REQUIRED ACTION: Print the records below word for word, but leave out the pictures.

***** MATERIALS PROVIDED

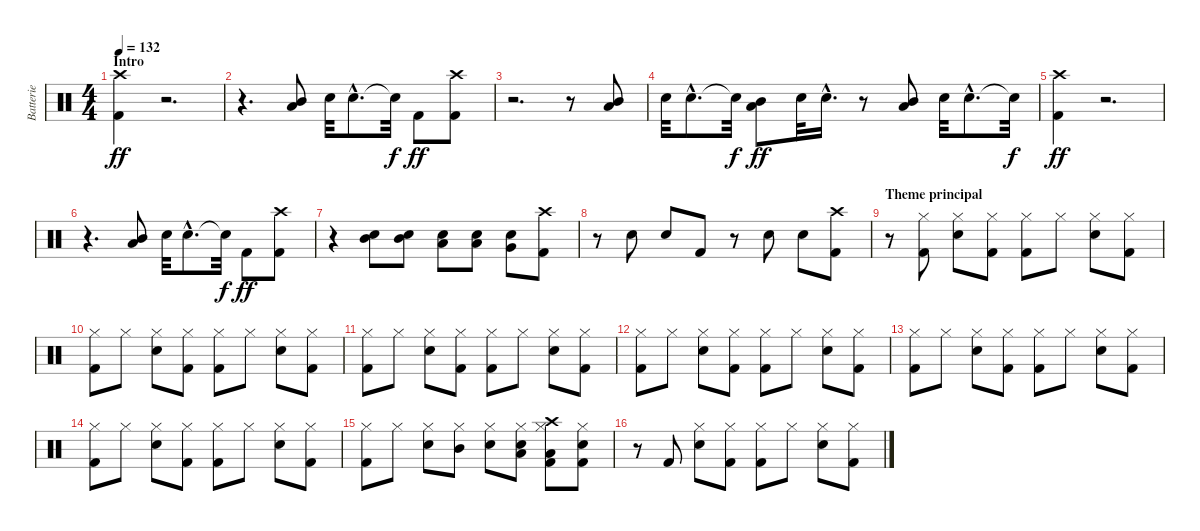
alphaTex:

\track ("Batterie" "Batterie") {instrument percussion}
\staff {score}
\articulation defaults
\ts (4 4)
\section ("" "Intro")
\tempo 132
\clef neutral
\ks c
("Kick (hit) 2" "Crash high (hit)").4{dy ff} r.2{d} |
r.4{d} ("Low Tom (hit)" "Mid Tom (hit)").8 "Snare (hit) 2".32 "Snare (hit) 2"{hac}.8{d} "Snare (hit)"{t}.32{dy f} "Kick (hit) 2".8{dy ff} ("Kick (hit) 2" "Crash high (hit)").8 |
r.2{d} r.8 ("Low Tom (hit)" "Mid Tom (hit)").8 |
"Snare (hit) 2".32 "Snare (hit) 2"{hac}.8{d} "Snare (hit)"{t}.32{dy f} ("Low Tom (hit)" "Mid Tom (hit)").8{dy ff} "Snare (hit) 2".32 "Snare (hit) 2"{hac}.16{d} r.8 ("Low Tom (hit)" "Mid Tom (hit)").8 "Snare (hit) 2".32 "Snare (hit) 2"{hac}.8{d} "Snare (hit)"{t}.32{dy f} |
("Kick (hit) 2" "Crash high (hit)").4{dy ff} r.2{d} |
r.4{d} ("Low Tom (hit)" "Mid Tom (hit)").8 "Snare (hit) 2".32 "Snare (hit) 2"{hac}.8{d} "Snare (hit)"{t}.32{dy f} "Kick (hit) 2".8{dy ff} ("Kick (hit) 2" "Crash high (hit)").8 |
r.4 ("Snare (hit) 2" "Mid Tom (hit)").8 ("Snare (hit) 2" "Mid Tom (hit)").8 ("Snare (hit) 2" "Low Tom (hit)").8 ("Snare (hit) 2" "Low Tom (hit)").8 ("Snare (hit) 2" "Very Low Tom (hit)").8 ("Kick (hit) 2" "Crash high (hit)").8 |
r.8 "Snare (hit) 2".8 "Snare (hit) 2".8 "Kick (hit) 2".8 r.8 "Snare (hit) 2".8 "Snare (hit) 2".8 ("Kick (hit) 2" "Crash high (hit)").8 |
\section ("" "Theme principal")
r.8 ("Kick (hit) 2" "Hi-Hat (closed)").8 ("Snare (hit) 2" "Hi-Hat (closed)").8 ("Kick (hit) 2" "Hi-Hat (closed)").8 ("Kick (hit) 2" "Hi-Hat (closed)").8 "Hi-Hat (closed)".8 ("Snare (hit) 2" "Hi-Hat (closed)").8 ("Kick (hit) 2" "Hi-Hat (closed)").8 |
("Kick (hit) 2" "Hi-Hat (closed)").8 "Hi-Hat (closed)".8 ("Snare (hit) 2" "Hi-Hat (closed)").8 ("Kick (hit) 2" "Hi-Hat (closed)").8 ("Kick (hit) 2" "Hi-Hat (closed)").8 "Hi-Hat (closed)".8 ("Snare (hit) 2" "Hi-Hat (closed)").8 ("Kick (hit) 2" "Hi-Hat (closed)").8 |
("Kick (hit) 2" "Hi-Hat (closed)").8 "Hi-Hat (closed)".8 ("Snare (hit) 2" "Hi-Hat (closed)").8 ("Kick (hit) 2" "Hi-Hat (closed)").8 ("Kick (hit) 2" "Hi-Hat (closed)").8 "Hi-Hat (closed)".8 ("Snare (hit) 2" "Hi-Hat (closed)").8 ("Kick (hit) 2" "Hi-Hat (closed)").8 |
("Kick (hit) 2" "Hi-Hat (closed)").8 "Hi-Hat (closed)".8 ("Snare (hit) 2" "Hi-Hat (closed)").8 ("Kick (hit) 2" "Hi-Hat (closed)").8 ("Kick (hit) 2" "Hi-Hat (closed)").8 "Hi-Hat (closed)".8 ("Snare (hit) 2" "Hi-Hat (closed)").8 ("Kick (hit) 2" "Hi-Hat (closed)").8 |
("Kick (hit) 2" "Hi-Hat (closed)").8 "Hi-Hat (closed)".8 ("Snare (hit) 2" "Hi-Hat (closed)").8 ("Kick (hit) 2" "Hi-Hat (closed)").8 ("Kick (hit) 2" "Hi-Hat (closed)").8 "Hi-Hat (closed)".8 ("Snare (hit) 2" "Hi-Hat (closed)").8 ("Kick (hit) 2" "Hi-Hat (closed)").8 |
("Kick (hit) 2" "Hi-Hat (closed)").8 "Hi-Hat (closed)".8 ("Snare (hit) 2" "Hi-Hat (closed)").8 ("Kick (hit) 2" "Hi-Hat (closed)").8 ("Kick (hit) 2" "Hi-Hat (closed)").8 "Hi-Hat (closed)".8 ("Snare (hit) 2" "Hi-Hat (closed)").8 ("Kick (hit) 2" "Hi-Hat (closed)").8 |
("Kick (hit) 2" "Hi-Hat (closed)").8 "Hi-Hat (closed)".8 ("Snare (hit) 2" "Hi-Hat (closed)").8 ("Hi-Hat (closed)" "Mid Tom (hit)").8 ("Snare (hit) 2" "Hi-Hat (closed)").8 ("Snare (hit) 2" "Hi-Hat (closed)" "Low Tom (hit)").8 ("Kick (hit) 2" "Hi-Hat (closed)" "Low Tom (hit)" "Crash high (hit)").8 ("Kick (hit) 2" "Snare (hit) 2" "Hi-Hat (closed)").8 |
r.8 "Kick (hit) 2".8 ("Snare (hit) 2" "Hi-Hat (closed)").8 ("Kick (hit) 2" "Hi-Hat (closed)").8 ("Kick (hit) 2" "Hi-Hat (closed)").8 "Hi-Hat (closed)".8 ("Snare (hit) 2" "Hi-Hat (closed)").8 ("Kick (hit) 2" "Hi-Hat (closed)").8
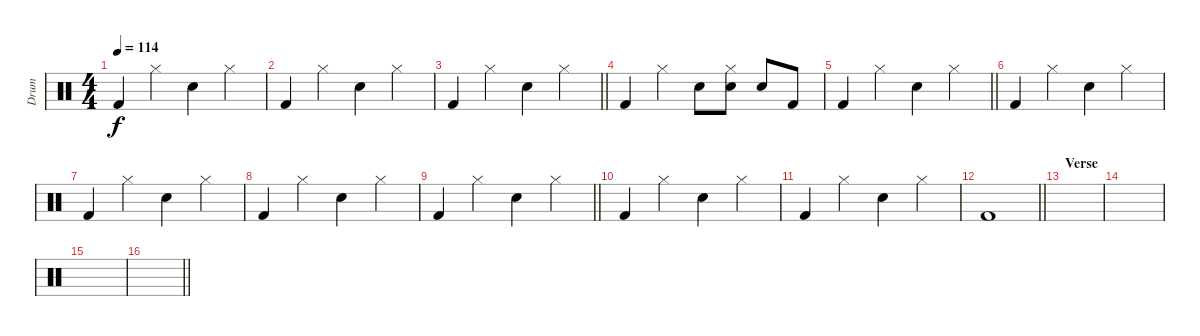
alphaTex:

\track ("Drum" "Drum") {instrument percussion}
\staff {score}
\articulation defaults
\ts (4 4)
\tempo 114
\clef neutral
\ks c "Kick (hit) 2".4{dy f} "Hi-Hat (closed)".4 "Snare (hit) 2".4 "Hi-Hat (closed)".4
|
"Kick (hit) 2".4 "Hi-Hat (closed)".4 "Snare (hit) 2".4 "Hi-Hat (closed)".4 |
\barLineRight lightlight "Kick (hit) 2".4 "Hi-Hat (closed)".4 "Snare (hit) 2".4 "Hi-Hat (closed)".4
|
"Kick (hit) 2".4 "Hi-Hat (closed)".4 "Snare (hit) 2".8 ("Hi-Hat (closed)" "Snare (hit) 2").8 "Snare (hit) 2".8 "Kick (hit) 2".8 |
\barLineRight lightlight "Kick (hit) 2".4 "Hi-Hat (closed)".4 "Snare (hit) 2".4 "Hi-Hat (closed)".4
|
"Kick (hit) 2".4 "Hi-Hat (closed)".4 "Snare (hit) 2".4 "Hi-Hat (closed)".4 |
"Kick (hit) 2".4 "Hi-Hat (closed)".4 "Snare (hit) 2".4 "Hi-Hat (closed)".4 |
"Kick (hit) 2".4 "Hi-Hat (closed)".4 "Snare (hit) 2".4 "Hi-Hat (closed)".4 |
\barLineRight lightlight "Kick (hit) 2".4 "Hi-Hat (closed)".4 "Snare (hit) 2".4 "Hi-Hat (closed)".4
|
"Kick (hit) 2".4 "Hi-Hat (closed)".4 "Snare (hit) 2".4 "Hi-Hat (closed)".4 |
"Kick (hit) 2".4 "Hi-Hat (closed)".4 "Snare (hit) 2".4 "Hi-Hat (closed)".4 |
\barLineRight lightlight "Kick (hit) 2".1
|
\section ("" "Verse")
|
|
|
\barLineRight lightlight

**********

ANSWER SPACE:
alphaTex:

\track ("Batterie" "Batterie") {instrument percussion}
\staff {score}
\articulation defaults
\ts (4 4)
\section ("" "Intro")
\tempo 132
\clef neutral
\ks c
("Kick (hit) 2" "Crash high (hit)").4{dy ff} r.2{d} |
r.4{d} ("Low Tom (hit)" "Mid Tom (hit)").8 "Snare (hit) 2".32 "Snare (hit) 2"{hac}.8{d} "Snare (hit)"{t}.32{dy f} "Kick (hit) 2".8{dy ff} ("Kick (hit) 2" "Crash high (hit)").8 |
r.2{d} r.8 ("Low Tom (hit)" "Mid Tom (hit)").8 |
"Snare (hit) 2".32 "Snare (hit) 2"{hac}.8{d} "Snare (hit)"{t}.32{dy f} ("Low Tom (hit)" "Mid Tom (hit)").8{dy ff} "Snare (hit) 2".32 "Snare (hit) 2"{hac}.16{d} r.8 ("Low Tom (hit)" "Mid Tom (hit)").8 "Snare (hit) 2".32 "Snare (hit) 2"{hac}.8{d} "Snare (hit)"{t}.32{dy f} |
("Kick (hit) 2" "Crash high (hit)").4{dy ff} r.2{d} |
r.4{d} ("Low Tom (hit)" "Mid Tom (hit)").8 "Snare (hit) 2".32 "Snare (hit) 2"{hac}.8{d} "Snare (hit)"{t}.32{dy f} "Kick (hit) 2".8{dy ff} ("Kick (hit) 2" "Crash high (hit)").8 |
r.4 ("Snare (hit) 2" "Mid Tom (hit)").8 ("Snare (hit) 2" "Mid Tom (hit)").8 ("Snare (hit) 2" "Low Tom (hit)").8 ("Snare (hit) 2" "Low Tom (hit)").8 ("Snare (hit) 2" "Very Low Tom (hit)").8 ("Kick (hit) 2" "Crash high (hit)").8 |
r.8 "Snare (hit) 2".8 "Snare (hit) 2".8 "Kick (hit) 2".8 r.8 "Snare (hit) 2".8 "Snare (hit) 2".8 ("Kick (hit) 2" "Crash high (hit)").8 |
\section ("" "Theme principal")
r.8 ("Kick (hit) 2" "Hi-Hat (closed)").8 ("Snare (hit) 2" "Hi-Hat (closed)").8 ("Kick (hit) 2" "Hi-Hat (closed)").8 ("Kick (hit) 2" "Hi-Hat (closed)").8 "Hi-Hat (closed)".8 ("Snare (hit) 2" "Hi-Hat (closed)").8 ("Kick (hit) 2" "Hi-Hat (closed)").8 |
("Kick (hit) 2" "Hi-Hat (closed)").8 "Hi-Hat (closed)".8 ("Snare (hit) 2" "Hi-Hat (closed)").8 ("Kick (hit) 2" "Hi-Hat (closed)").8 ("Kick (hit) 2" "Hi-Hat (closed)").8 "Hi-Hat (closed)".8 ("Snare (hit) 2" "Hi-Hat (closed)").8 ("Kick (hit) 2" "Hi-Hat (closed)").8 |
("Kick (hit) 2" "Hi-Hat (closed)").8 "Hi-Hat (closed)".8 ("Snare (hit) 2" "Hi-Hat (closed)").8 ("Kick (hit) 2" "Hi-Hat (closed)").8 ("Kick (hit) 2" "Hi-Hat (closed)").8 "Hi-Hat (closed)".8 ("Snare (hit) 2" "Hi-Hat (closed)").8 ("Kick (hit) 2" "Hi-Hat (closed)").8 |
("Kick (hit) 2" "Hi-Hat (closed)").8 "Hi-Hat (closed)".8 ("Snare (hit) 2" "Hi-Hat (closed)").8 ("Kick (hit) 2" "Hi-Hat (closed)").8 ("Kick (hit) 2" "Hi-Hat (closed)").8 "Hi-Hat (closed)".8 ("Snare (hit) 2" "Hi-Hat (closed)").8 ("Kick (hit) 2" "Hi-Hat (closed)").8 |
("Kick (hit) 2" "Hi-Hat (closed)").8 "Hi-Hat (closed)".8 ("Snare (hit) 2" "Hi-Hat (closed)").8 ("Kick (hit) 2" "Hi-Hat (closed)").8 ("Kick (hit) 2" "Hi-Hat (closed)").8 "Hi-Hat (closed)".8 ("Snare (hit) 2" "Hi-Hat (closed)").8 ("Kick (hit) 2" "Hi-Hat (closed)").8 |
("Kick (hit) 2" "Hi-Hat (closed)").8 "Hi-Hat (closed)".8 ("Snare (hit) 2" "Hi-Hat (closed)").8 ("Kick (hit) 2" "Hi-Hat (closed)").8 ("Kick (hit) 2" "Hi-Hat (closed)").8 "Hi-Hat (closed)".8 ("Snare (hit) 2" "Hi-Hat (closed)").8 ("Kick (hit) 2" "Hi-Hat (closed)").8 |
("Kick (hit) 2" "Hi-Hat (closed)").8 "Hi-Hat (closed)".8 ("Snare (hit) 2" "Hi-Hat (closed)").8 ("Hi-Hat (closed)" "Mid Tom (hit)").8 ("Snare (hit) 2" "Hi-Hat (closed)").8 ("Snare (hit) 2" "Hi-Hat (closed)" "Low Tom (hit)").8 ("Kick (hit) 2" "Hi-Hat (closed)" "Low Tom (hit)" "Crash high (hit)").8 ("Kick (hit) 2" "Snare (hit) 2" "Hi-Hat (closed)").8 |
r.8 "Kick (hit) 2".8 ("Snare (hit) 2" "Hi-Hat (closed)").8 ("Kick (hit) 2" "Hi-Hat (closed)").8 ("Kick (hit) 2" "Hi-Hat (closed)").8 "Hi-Hat (closed)".8 ("Snare (hit) 2" "Hi-Hat (closed)").8 ("Kick (hit) 2" "Hi-Hat (closed)").8
alphaTex:

\track ("Drum" "Drum") {instrument percussion}
\staff {score}
\articulation defaults
\ts (4 4)
\tempo 114
\clef neutral
\ks c "Kick (hit) 2".4{dy f} "Hi-Hat (closed)".4 "Snare (hit) 2".4 "Hi-Hat (closed)".4
|
"Kick (hit) 2".4 "Hi-Hat (closed)".4 "Snare (hit) 2".4 "Hi-Hat (closed)".4 |
\barLineRight lightlight "Kick (hit) 2".4 "Hi-Hat (closed)".4 "Snare (hit) 2".4 "Hi-Hat (closed)".4
|
"Kick (hit) 2".4 "Hi-Hat (closed)".4 "Snare (hit) 2".8 ("Hi-Hat (closed)" "Snare (hit) 2").8 "Snare (hit) 2".8 "Kick (hit) 2".8 |
\barLineRight lightlight "Kick (hit) 2".4 "Hi-Hat (closed)".4 "Snare (hit) 2".4 "Hi-Hat (closed)".4
|
"Kick (hit) 2".4 "Hi-Hat (closed)".4 "Snare (hit) 2".4 "Hi-Hat (closed)".4 |
"Kick (hit) 2".4 "Hi-Hat (closed)".4 "Snare (hit) 2".4 "Hi-Hat (closed)".4 |
"Kick (hit) 2".4 "Hi-Hat (closed)".4 "Snare (hit) 2".4 "Hi-Hat (closed)".4 |
\barLineRight lightlight "Kick (hit) 2".4 "Hi-Hat (closed)".4 "Snare (hit) 2".4 "Hi-Hat (closed)".4
|
"Kick (hit) 2".4 "Hi-Hat (closed)".4 "Snare (hit) 2".4 "Hi-Hat (closed)".4 |
"Kick (hit) 2".4 "Hi-Hat (closed)".4 "Snare (hit) 2".4 "Hi-Hat (closed)".4 |
\barLineRight lightlight "Kick (hit) 2".1
|
\section ("" "Verse")
|
|
|
\barLineRight lightlight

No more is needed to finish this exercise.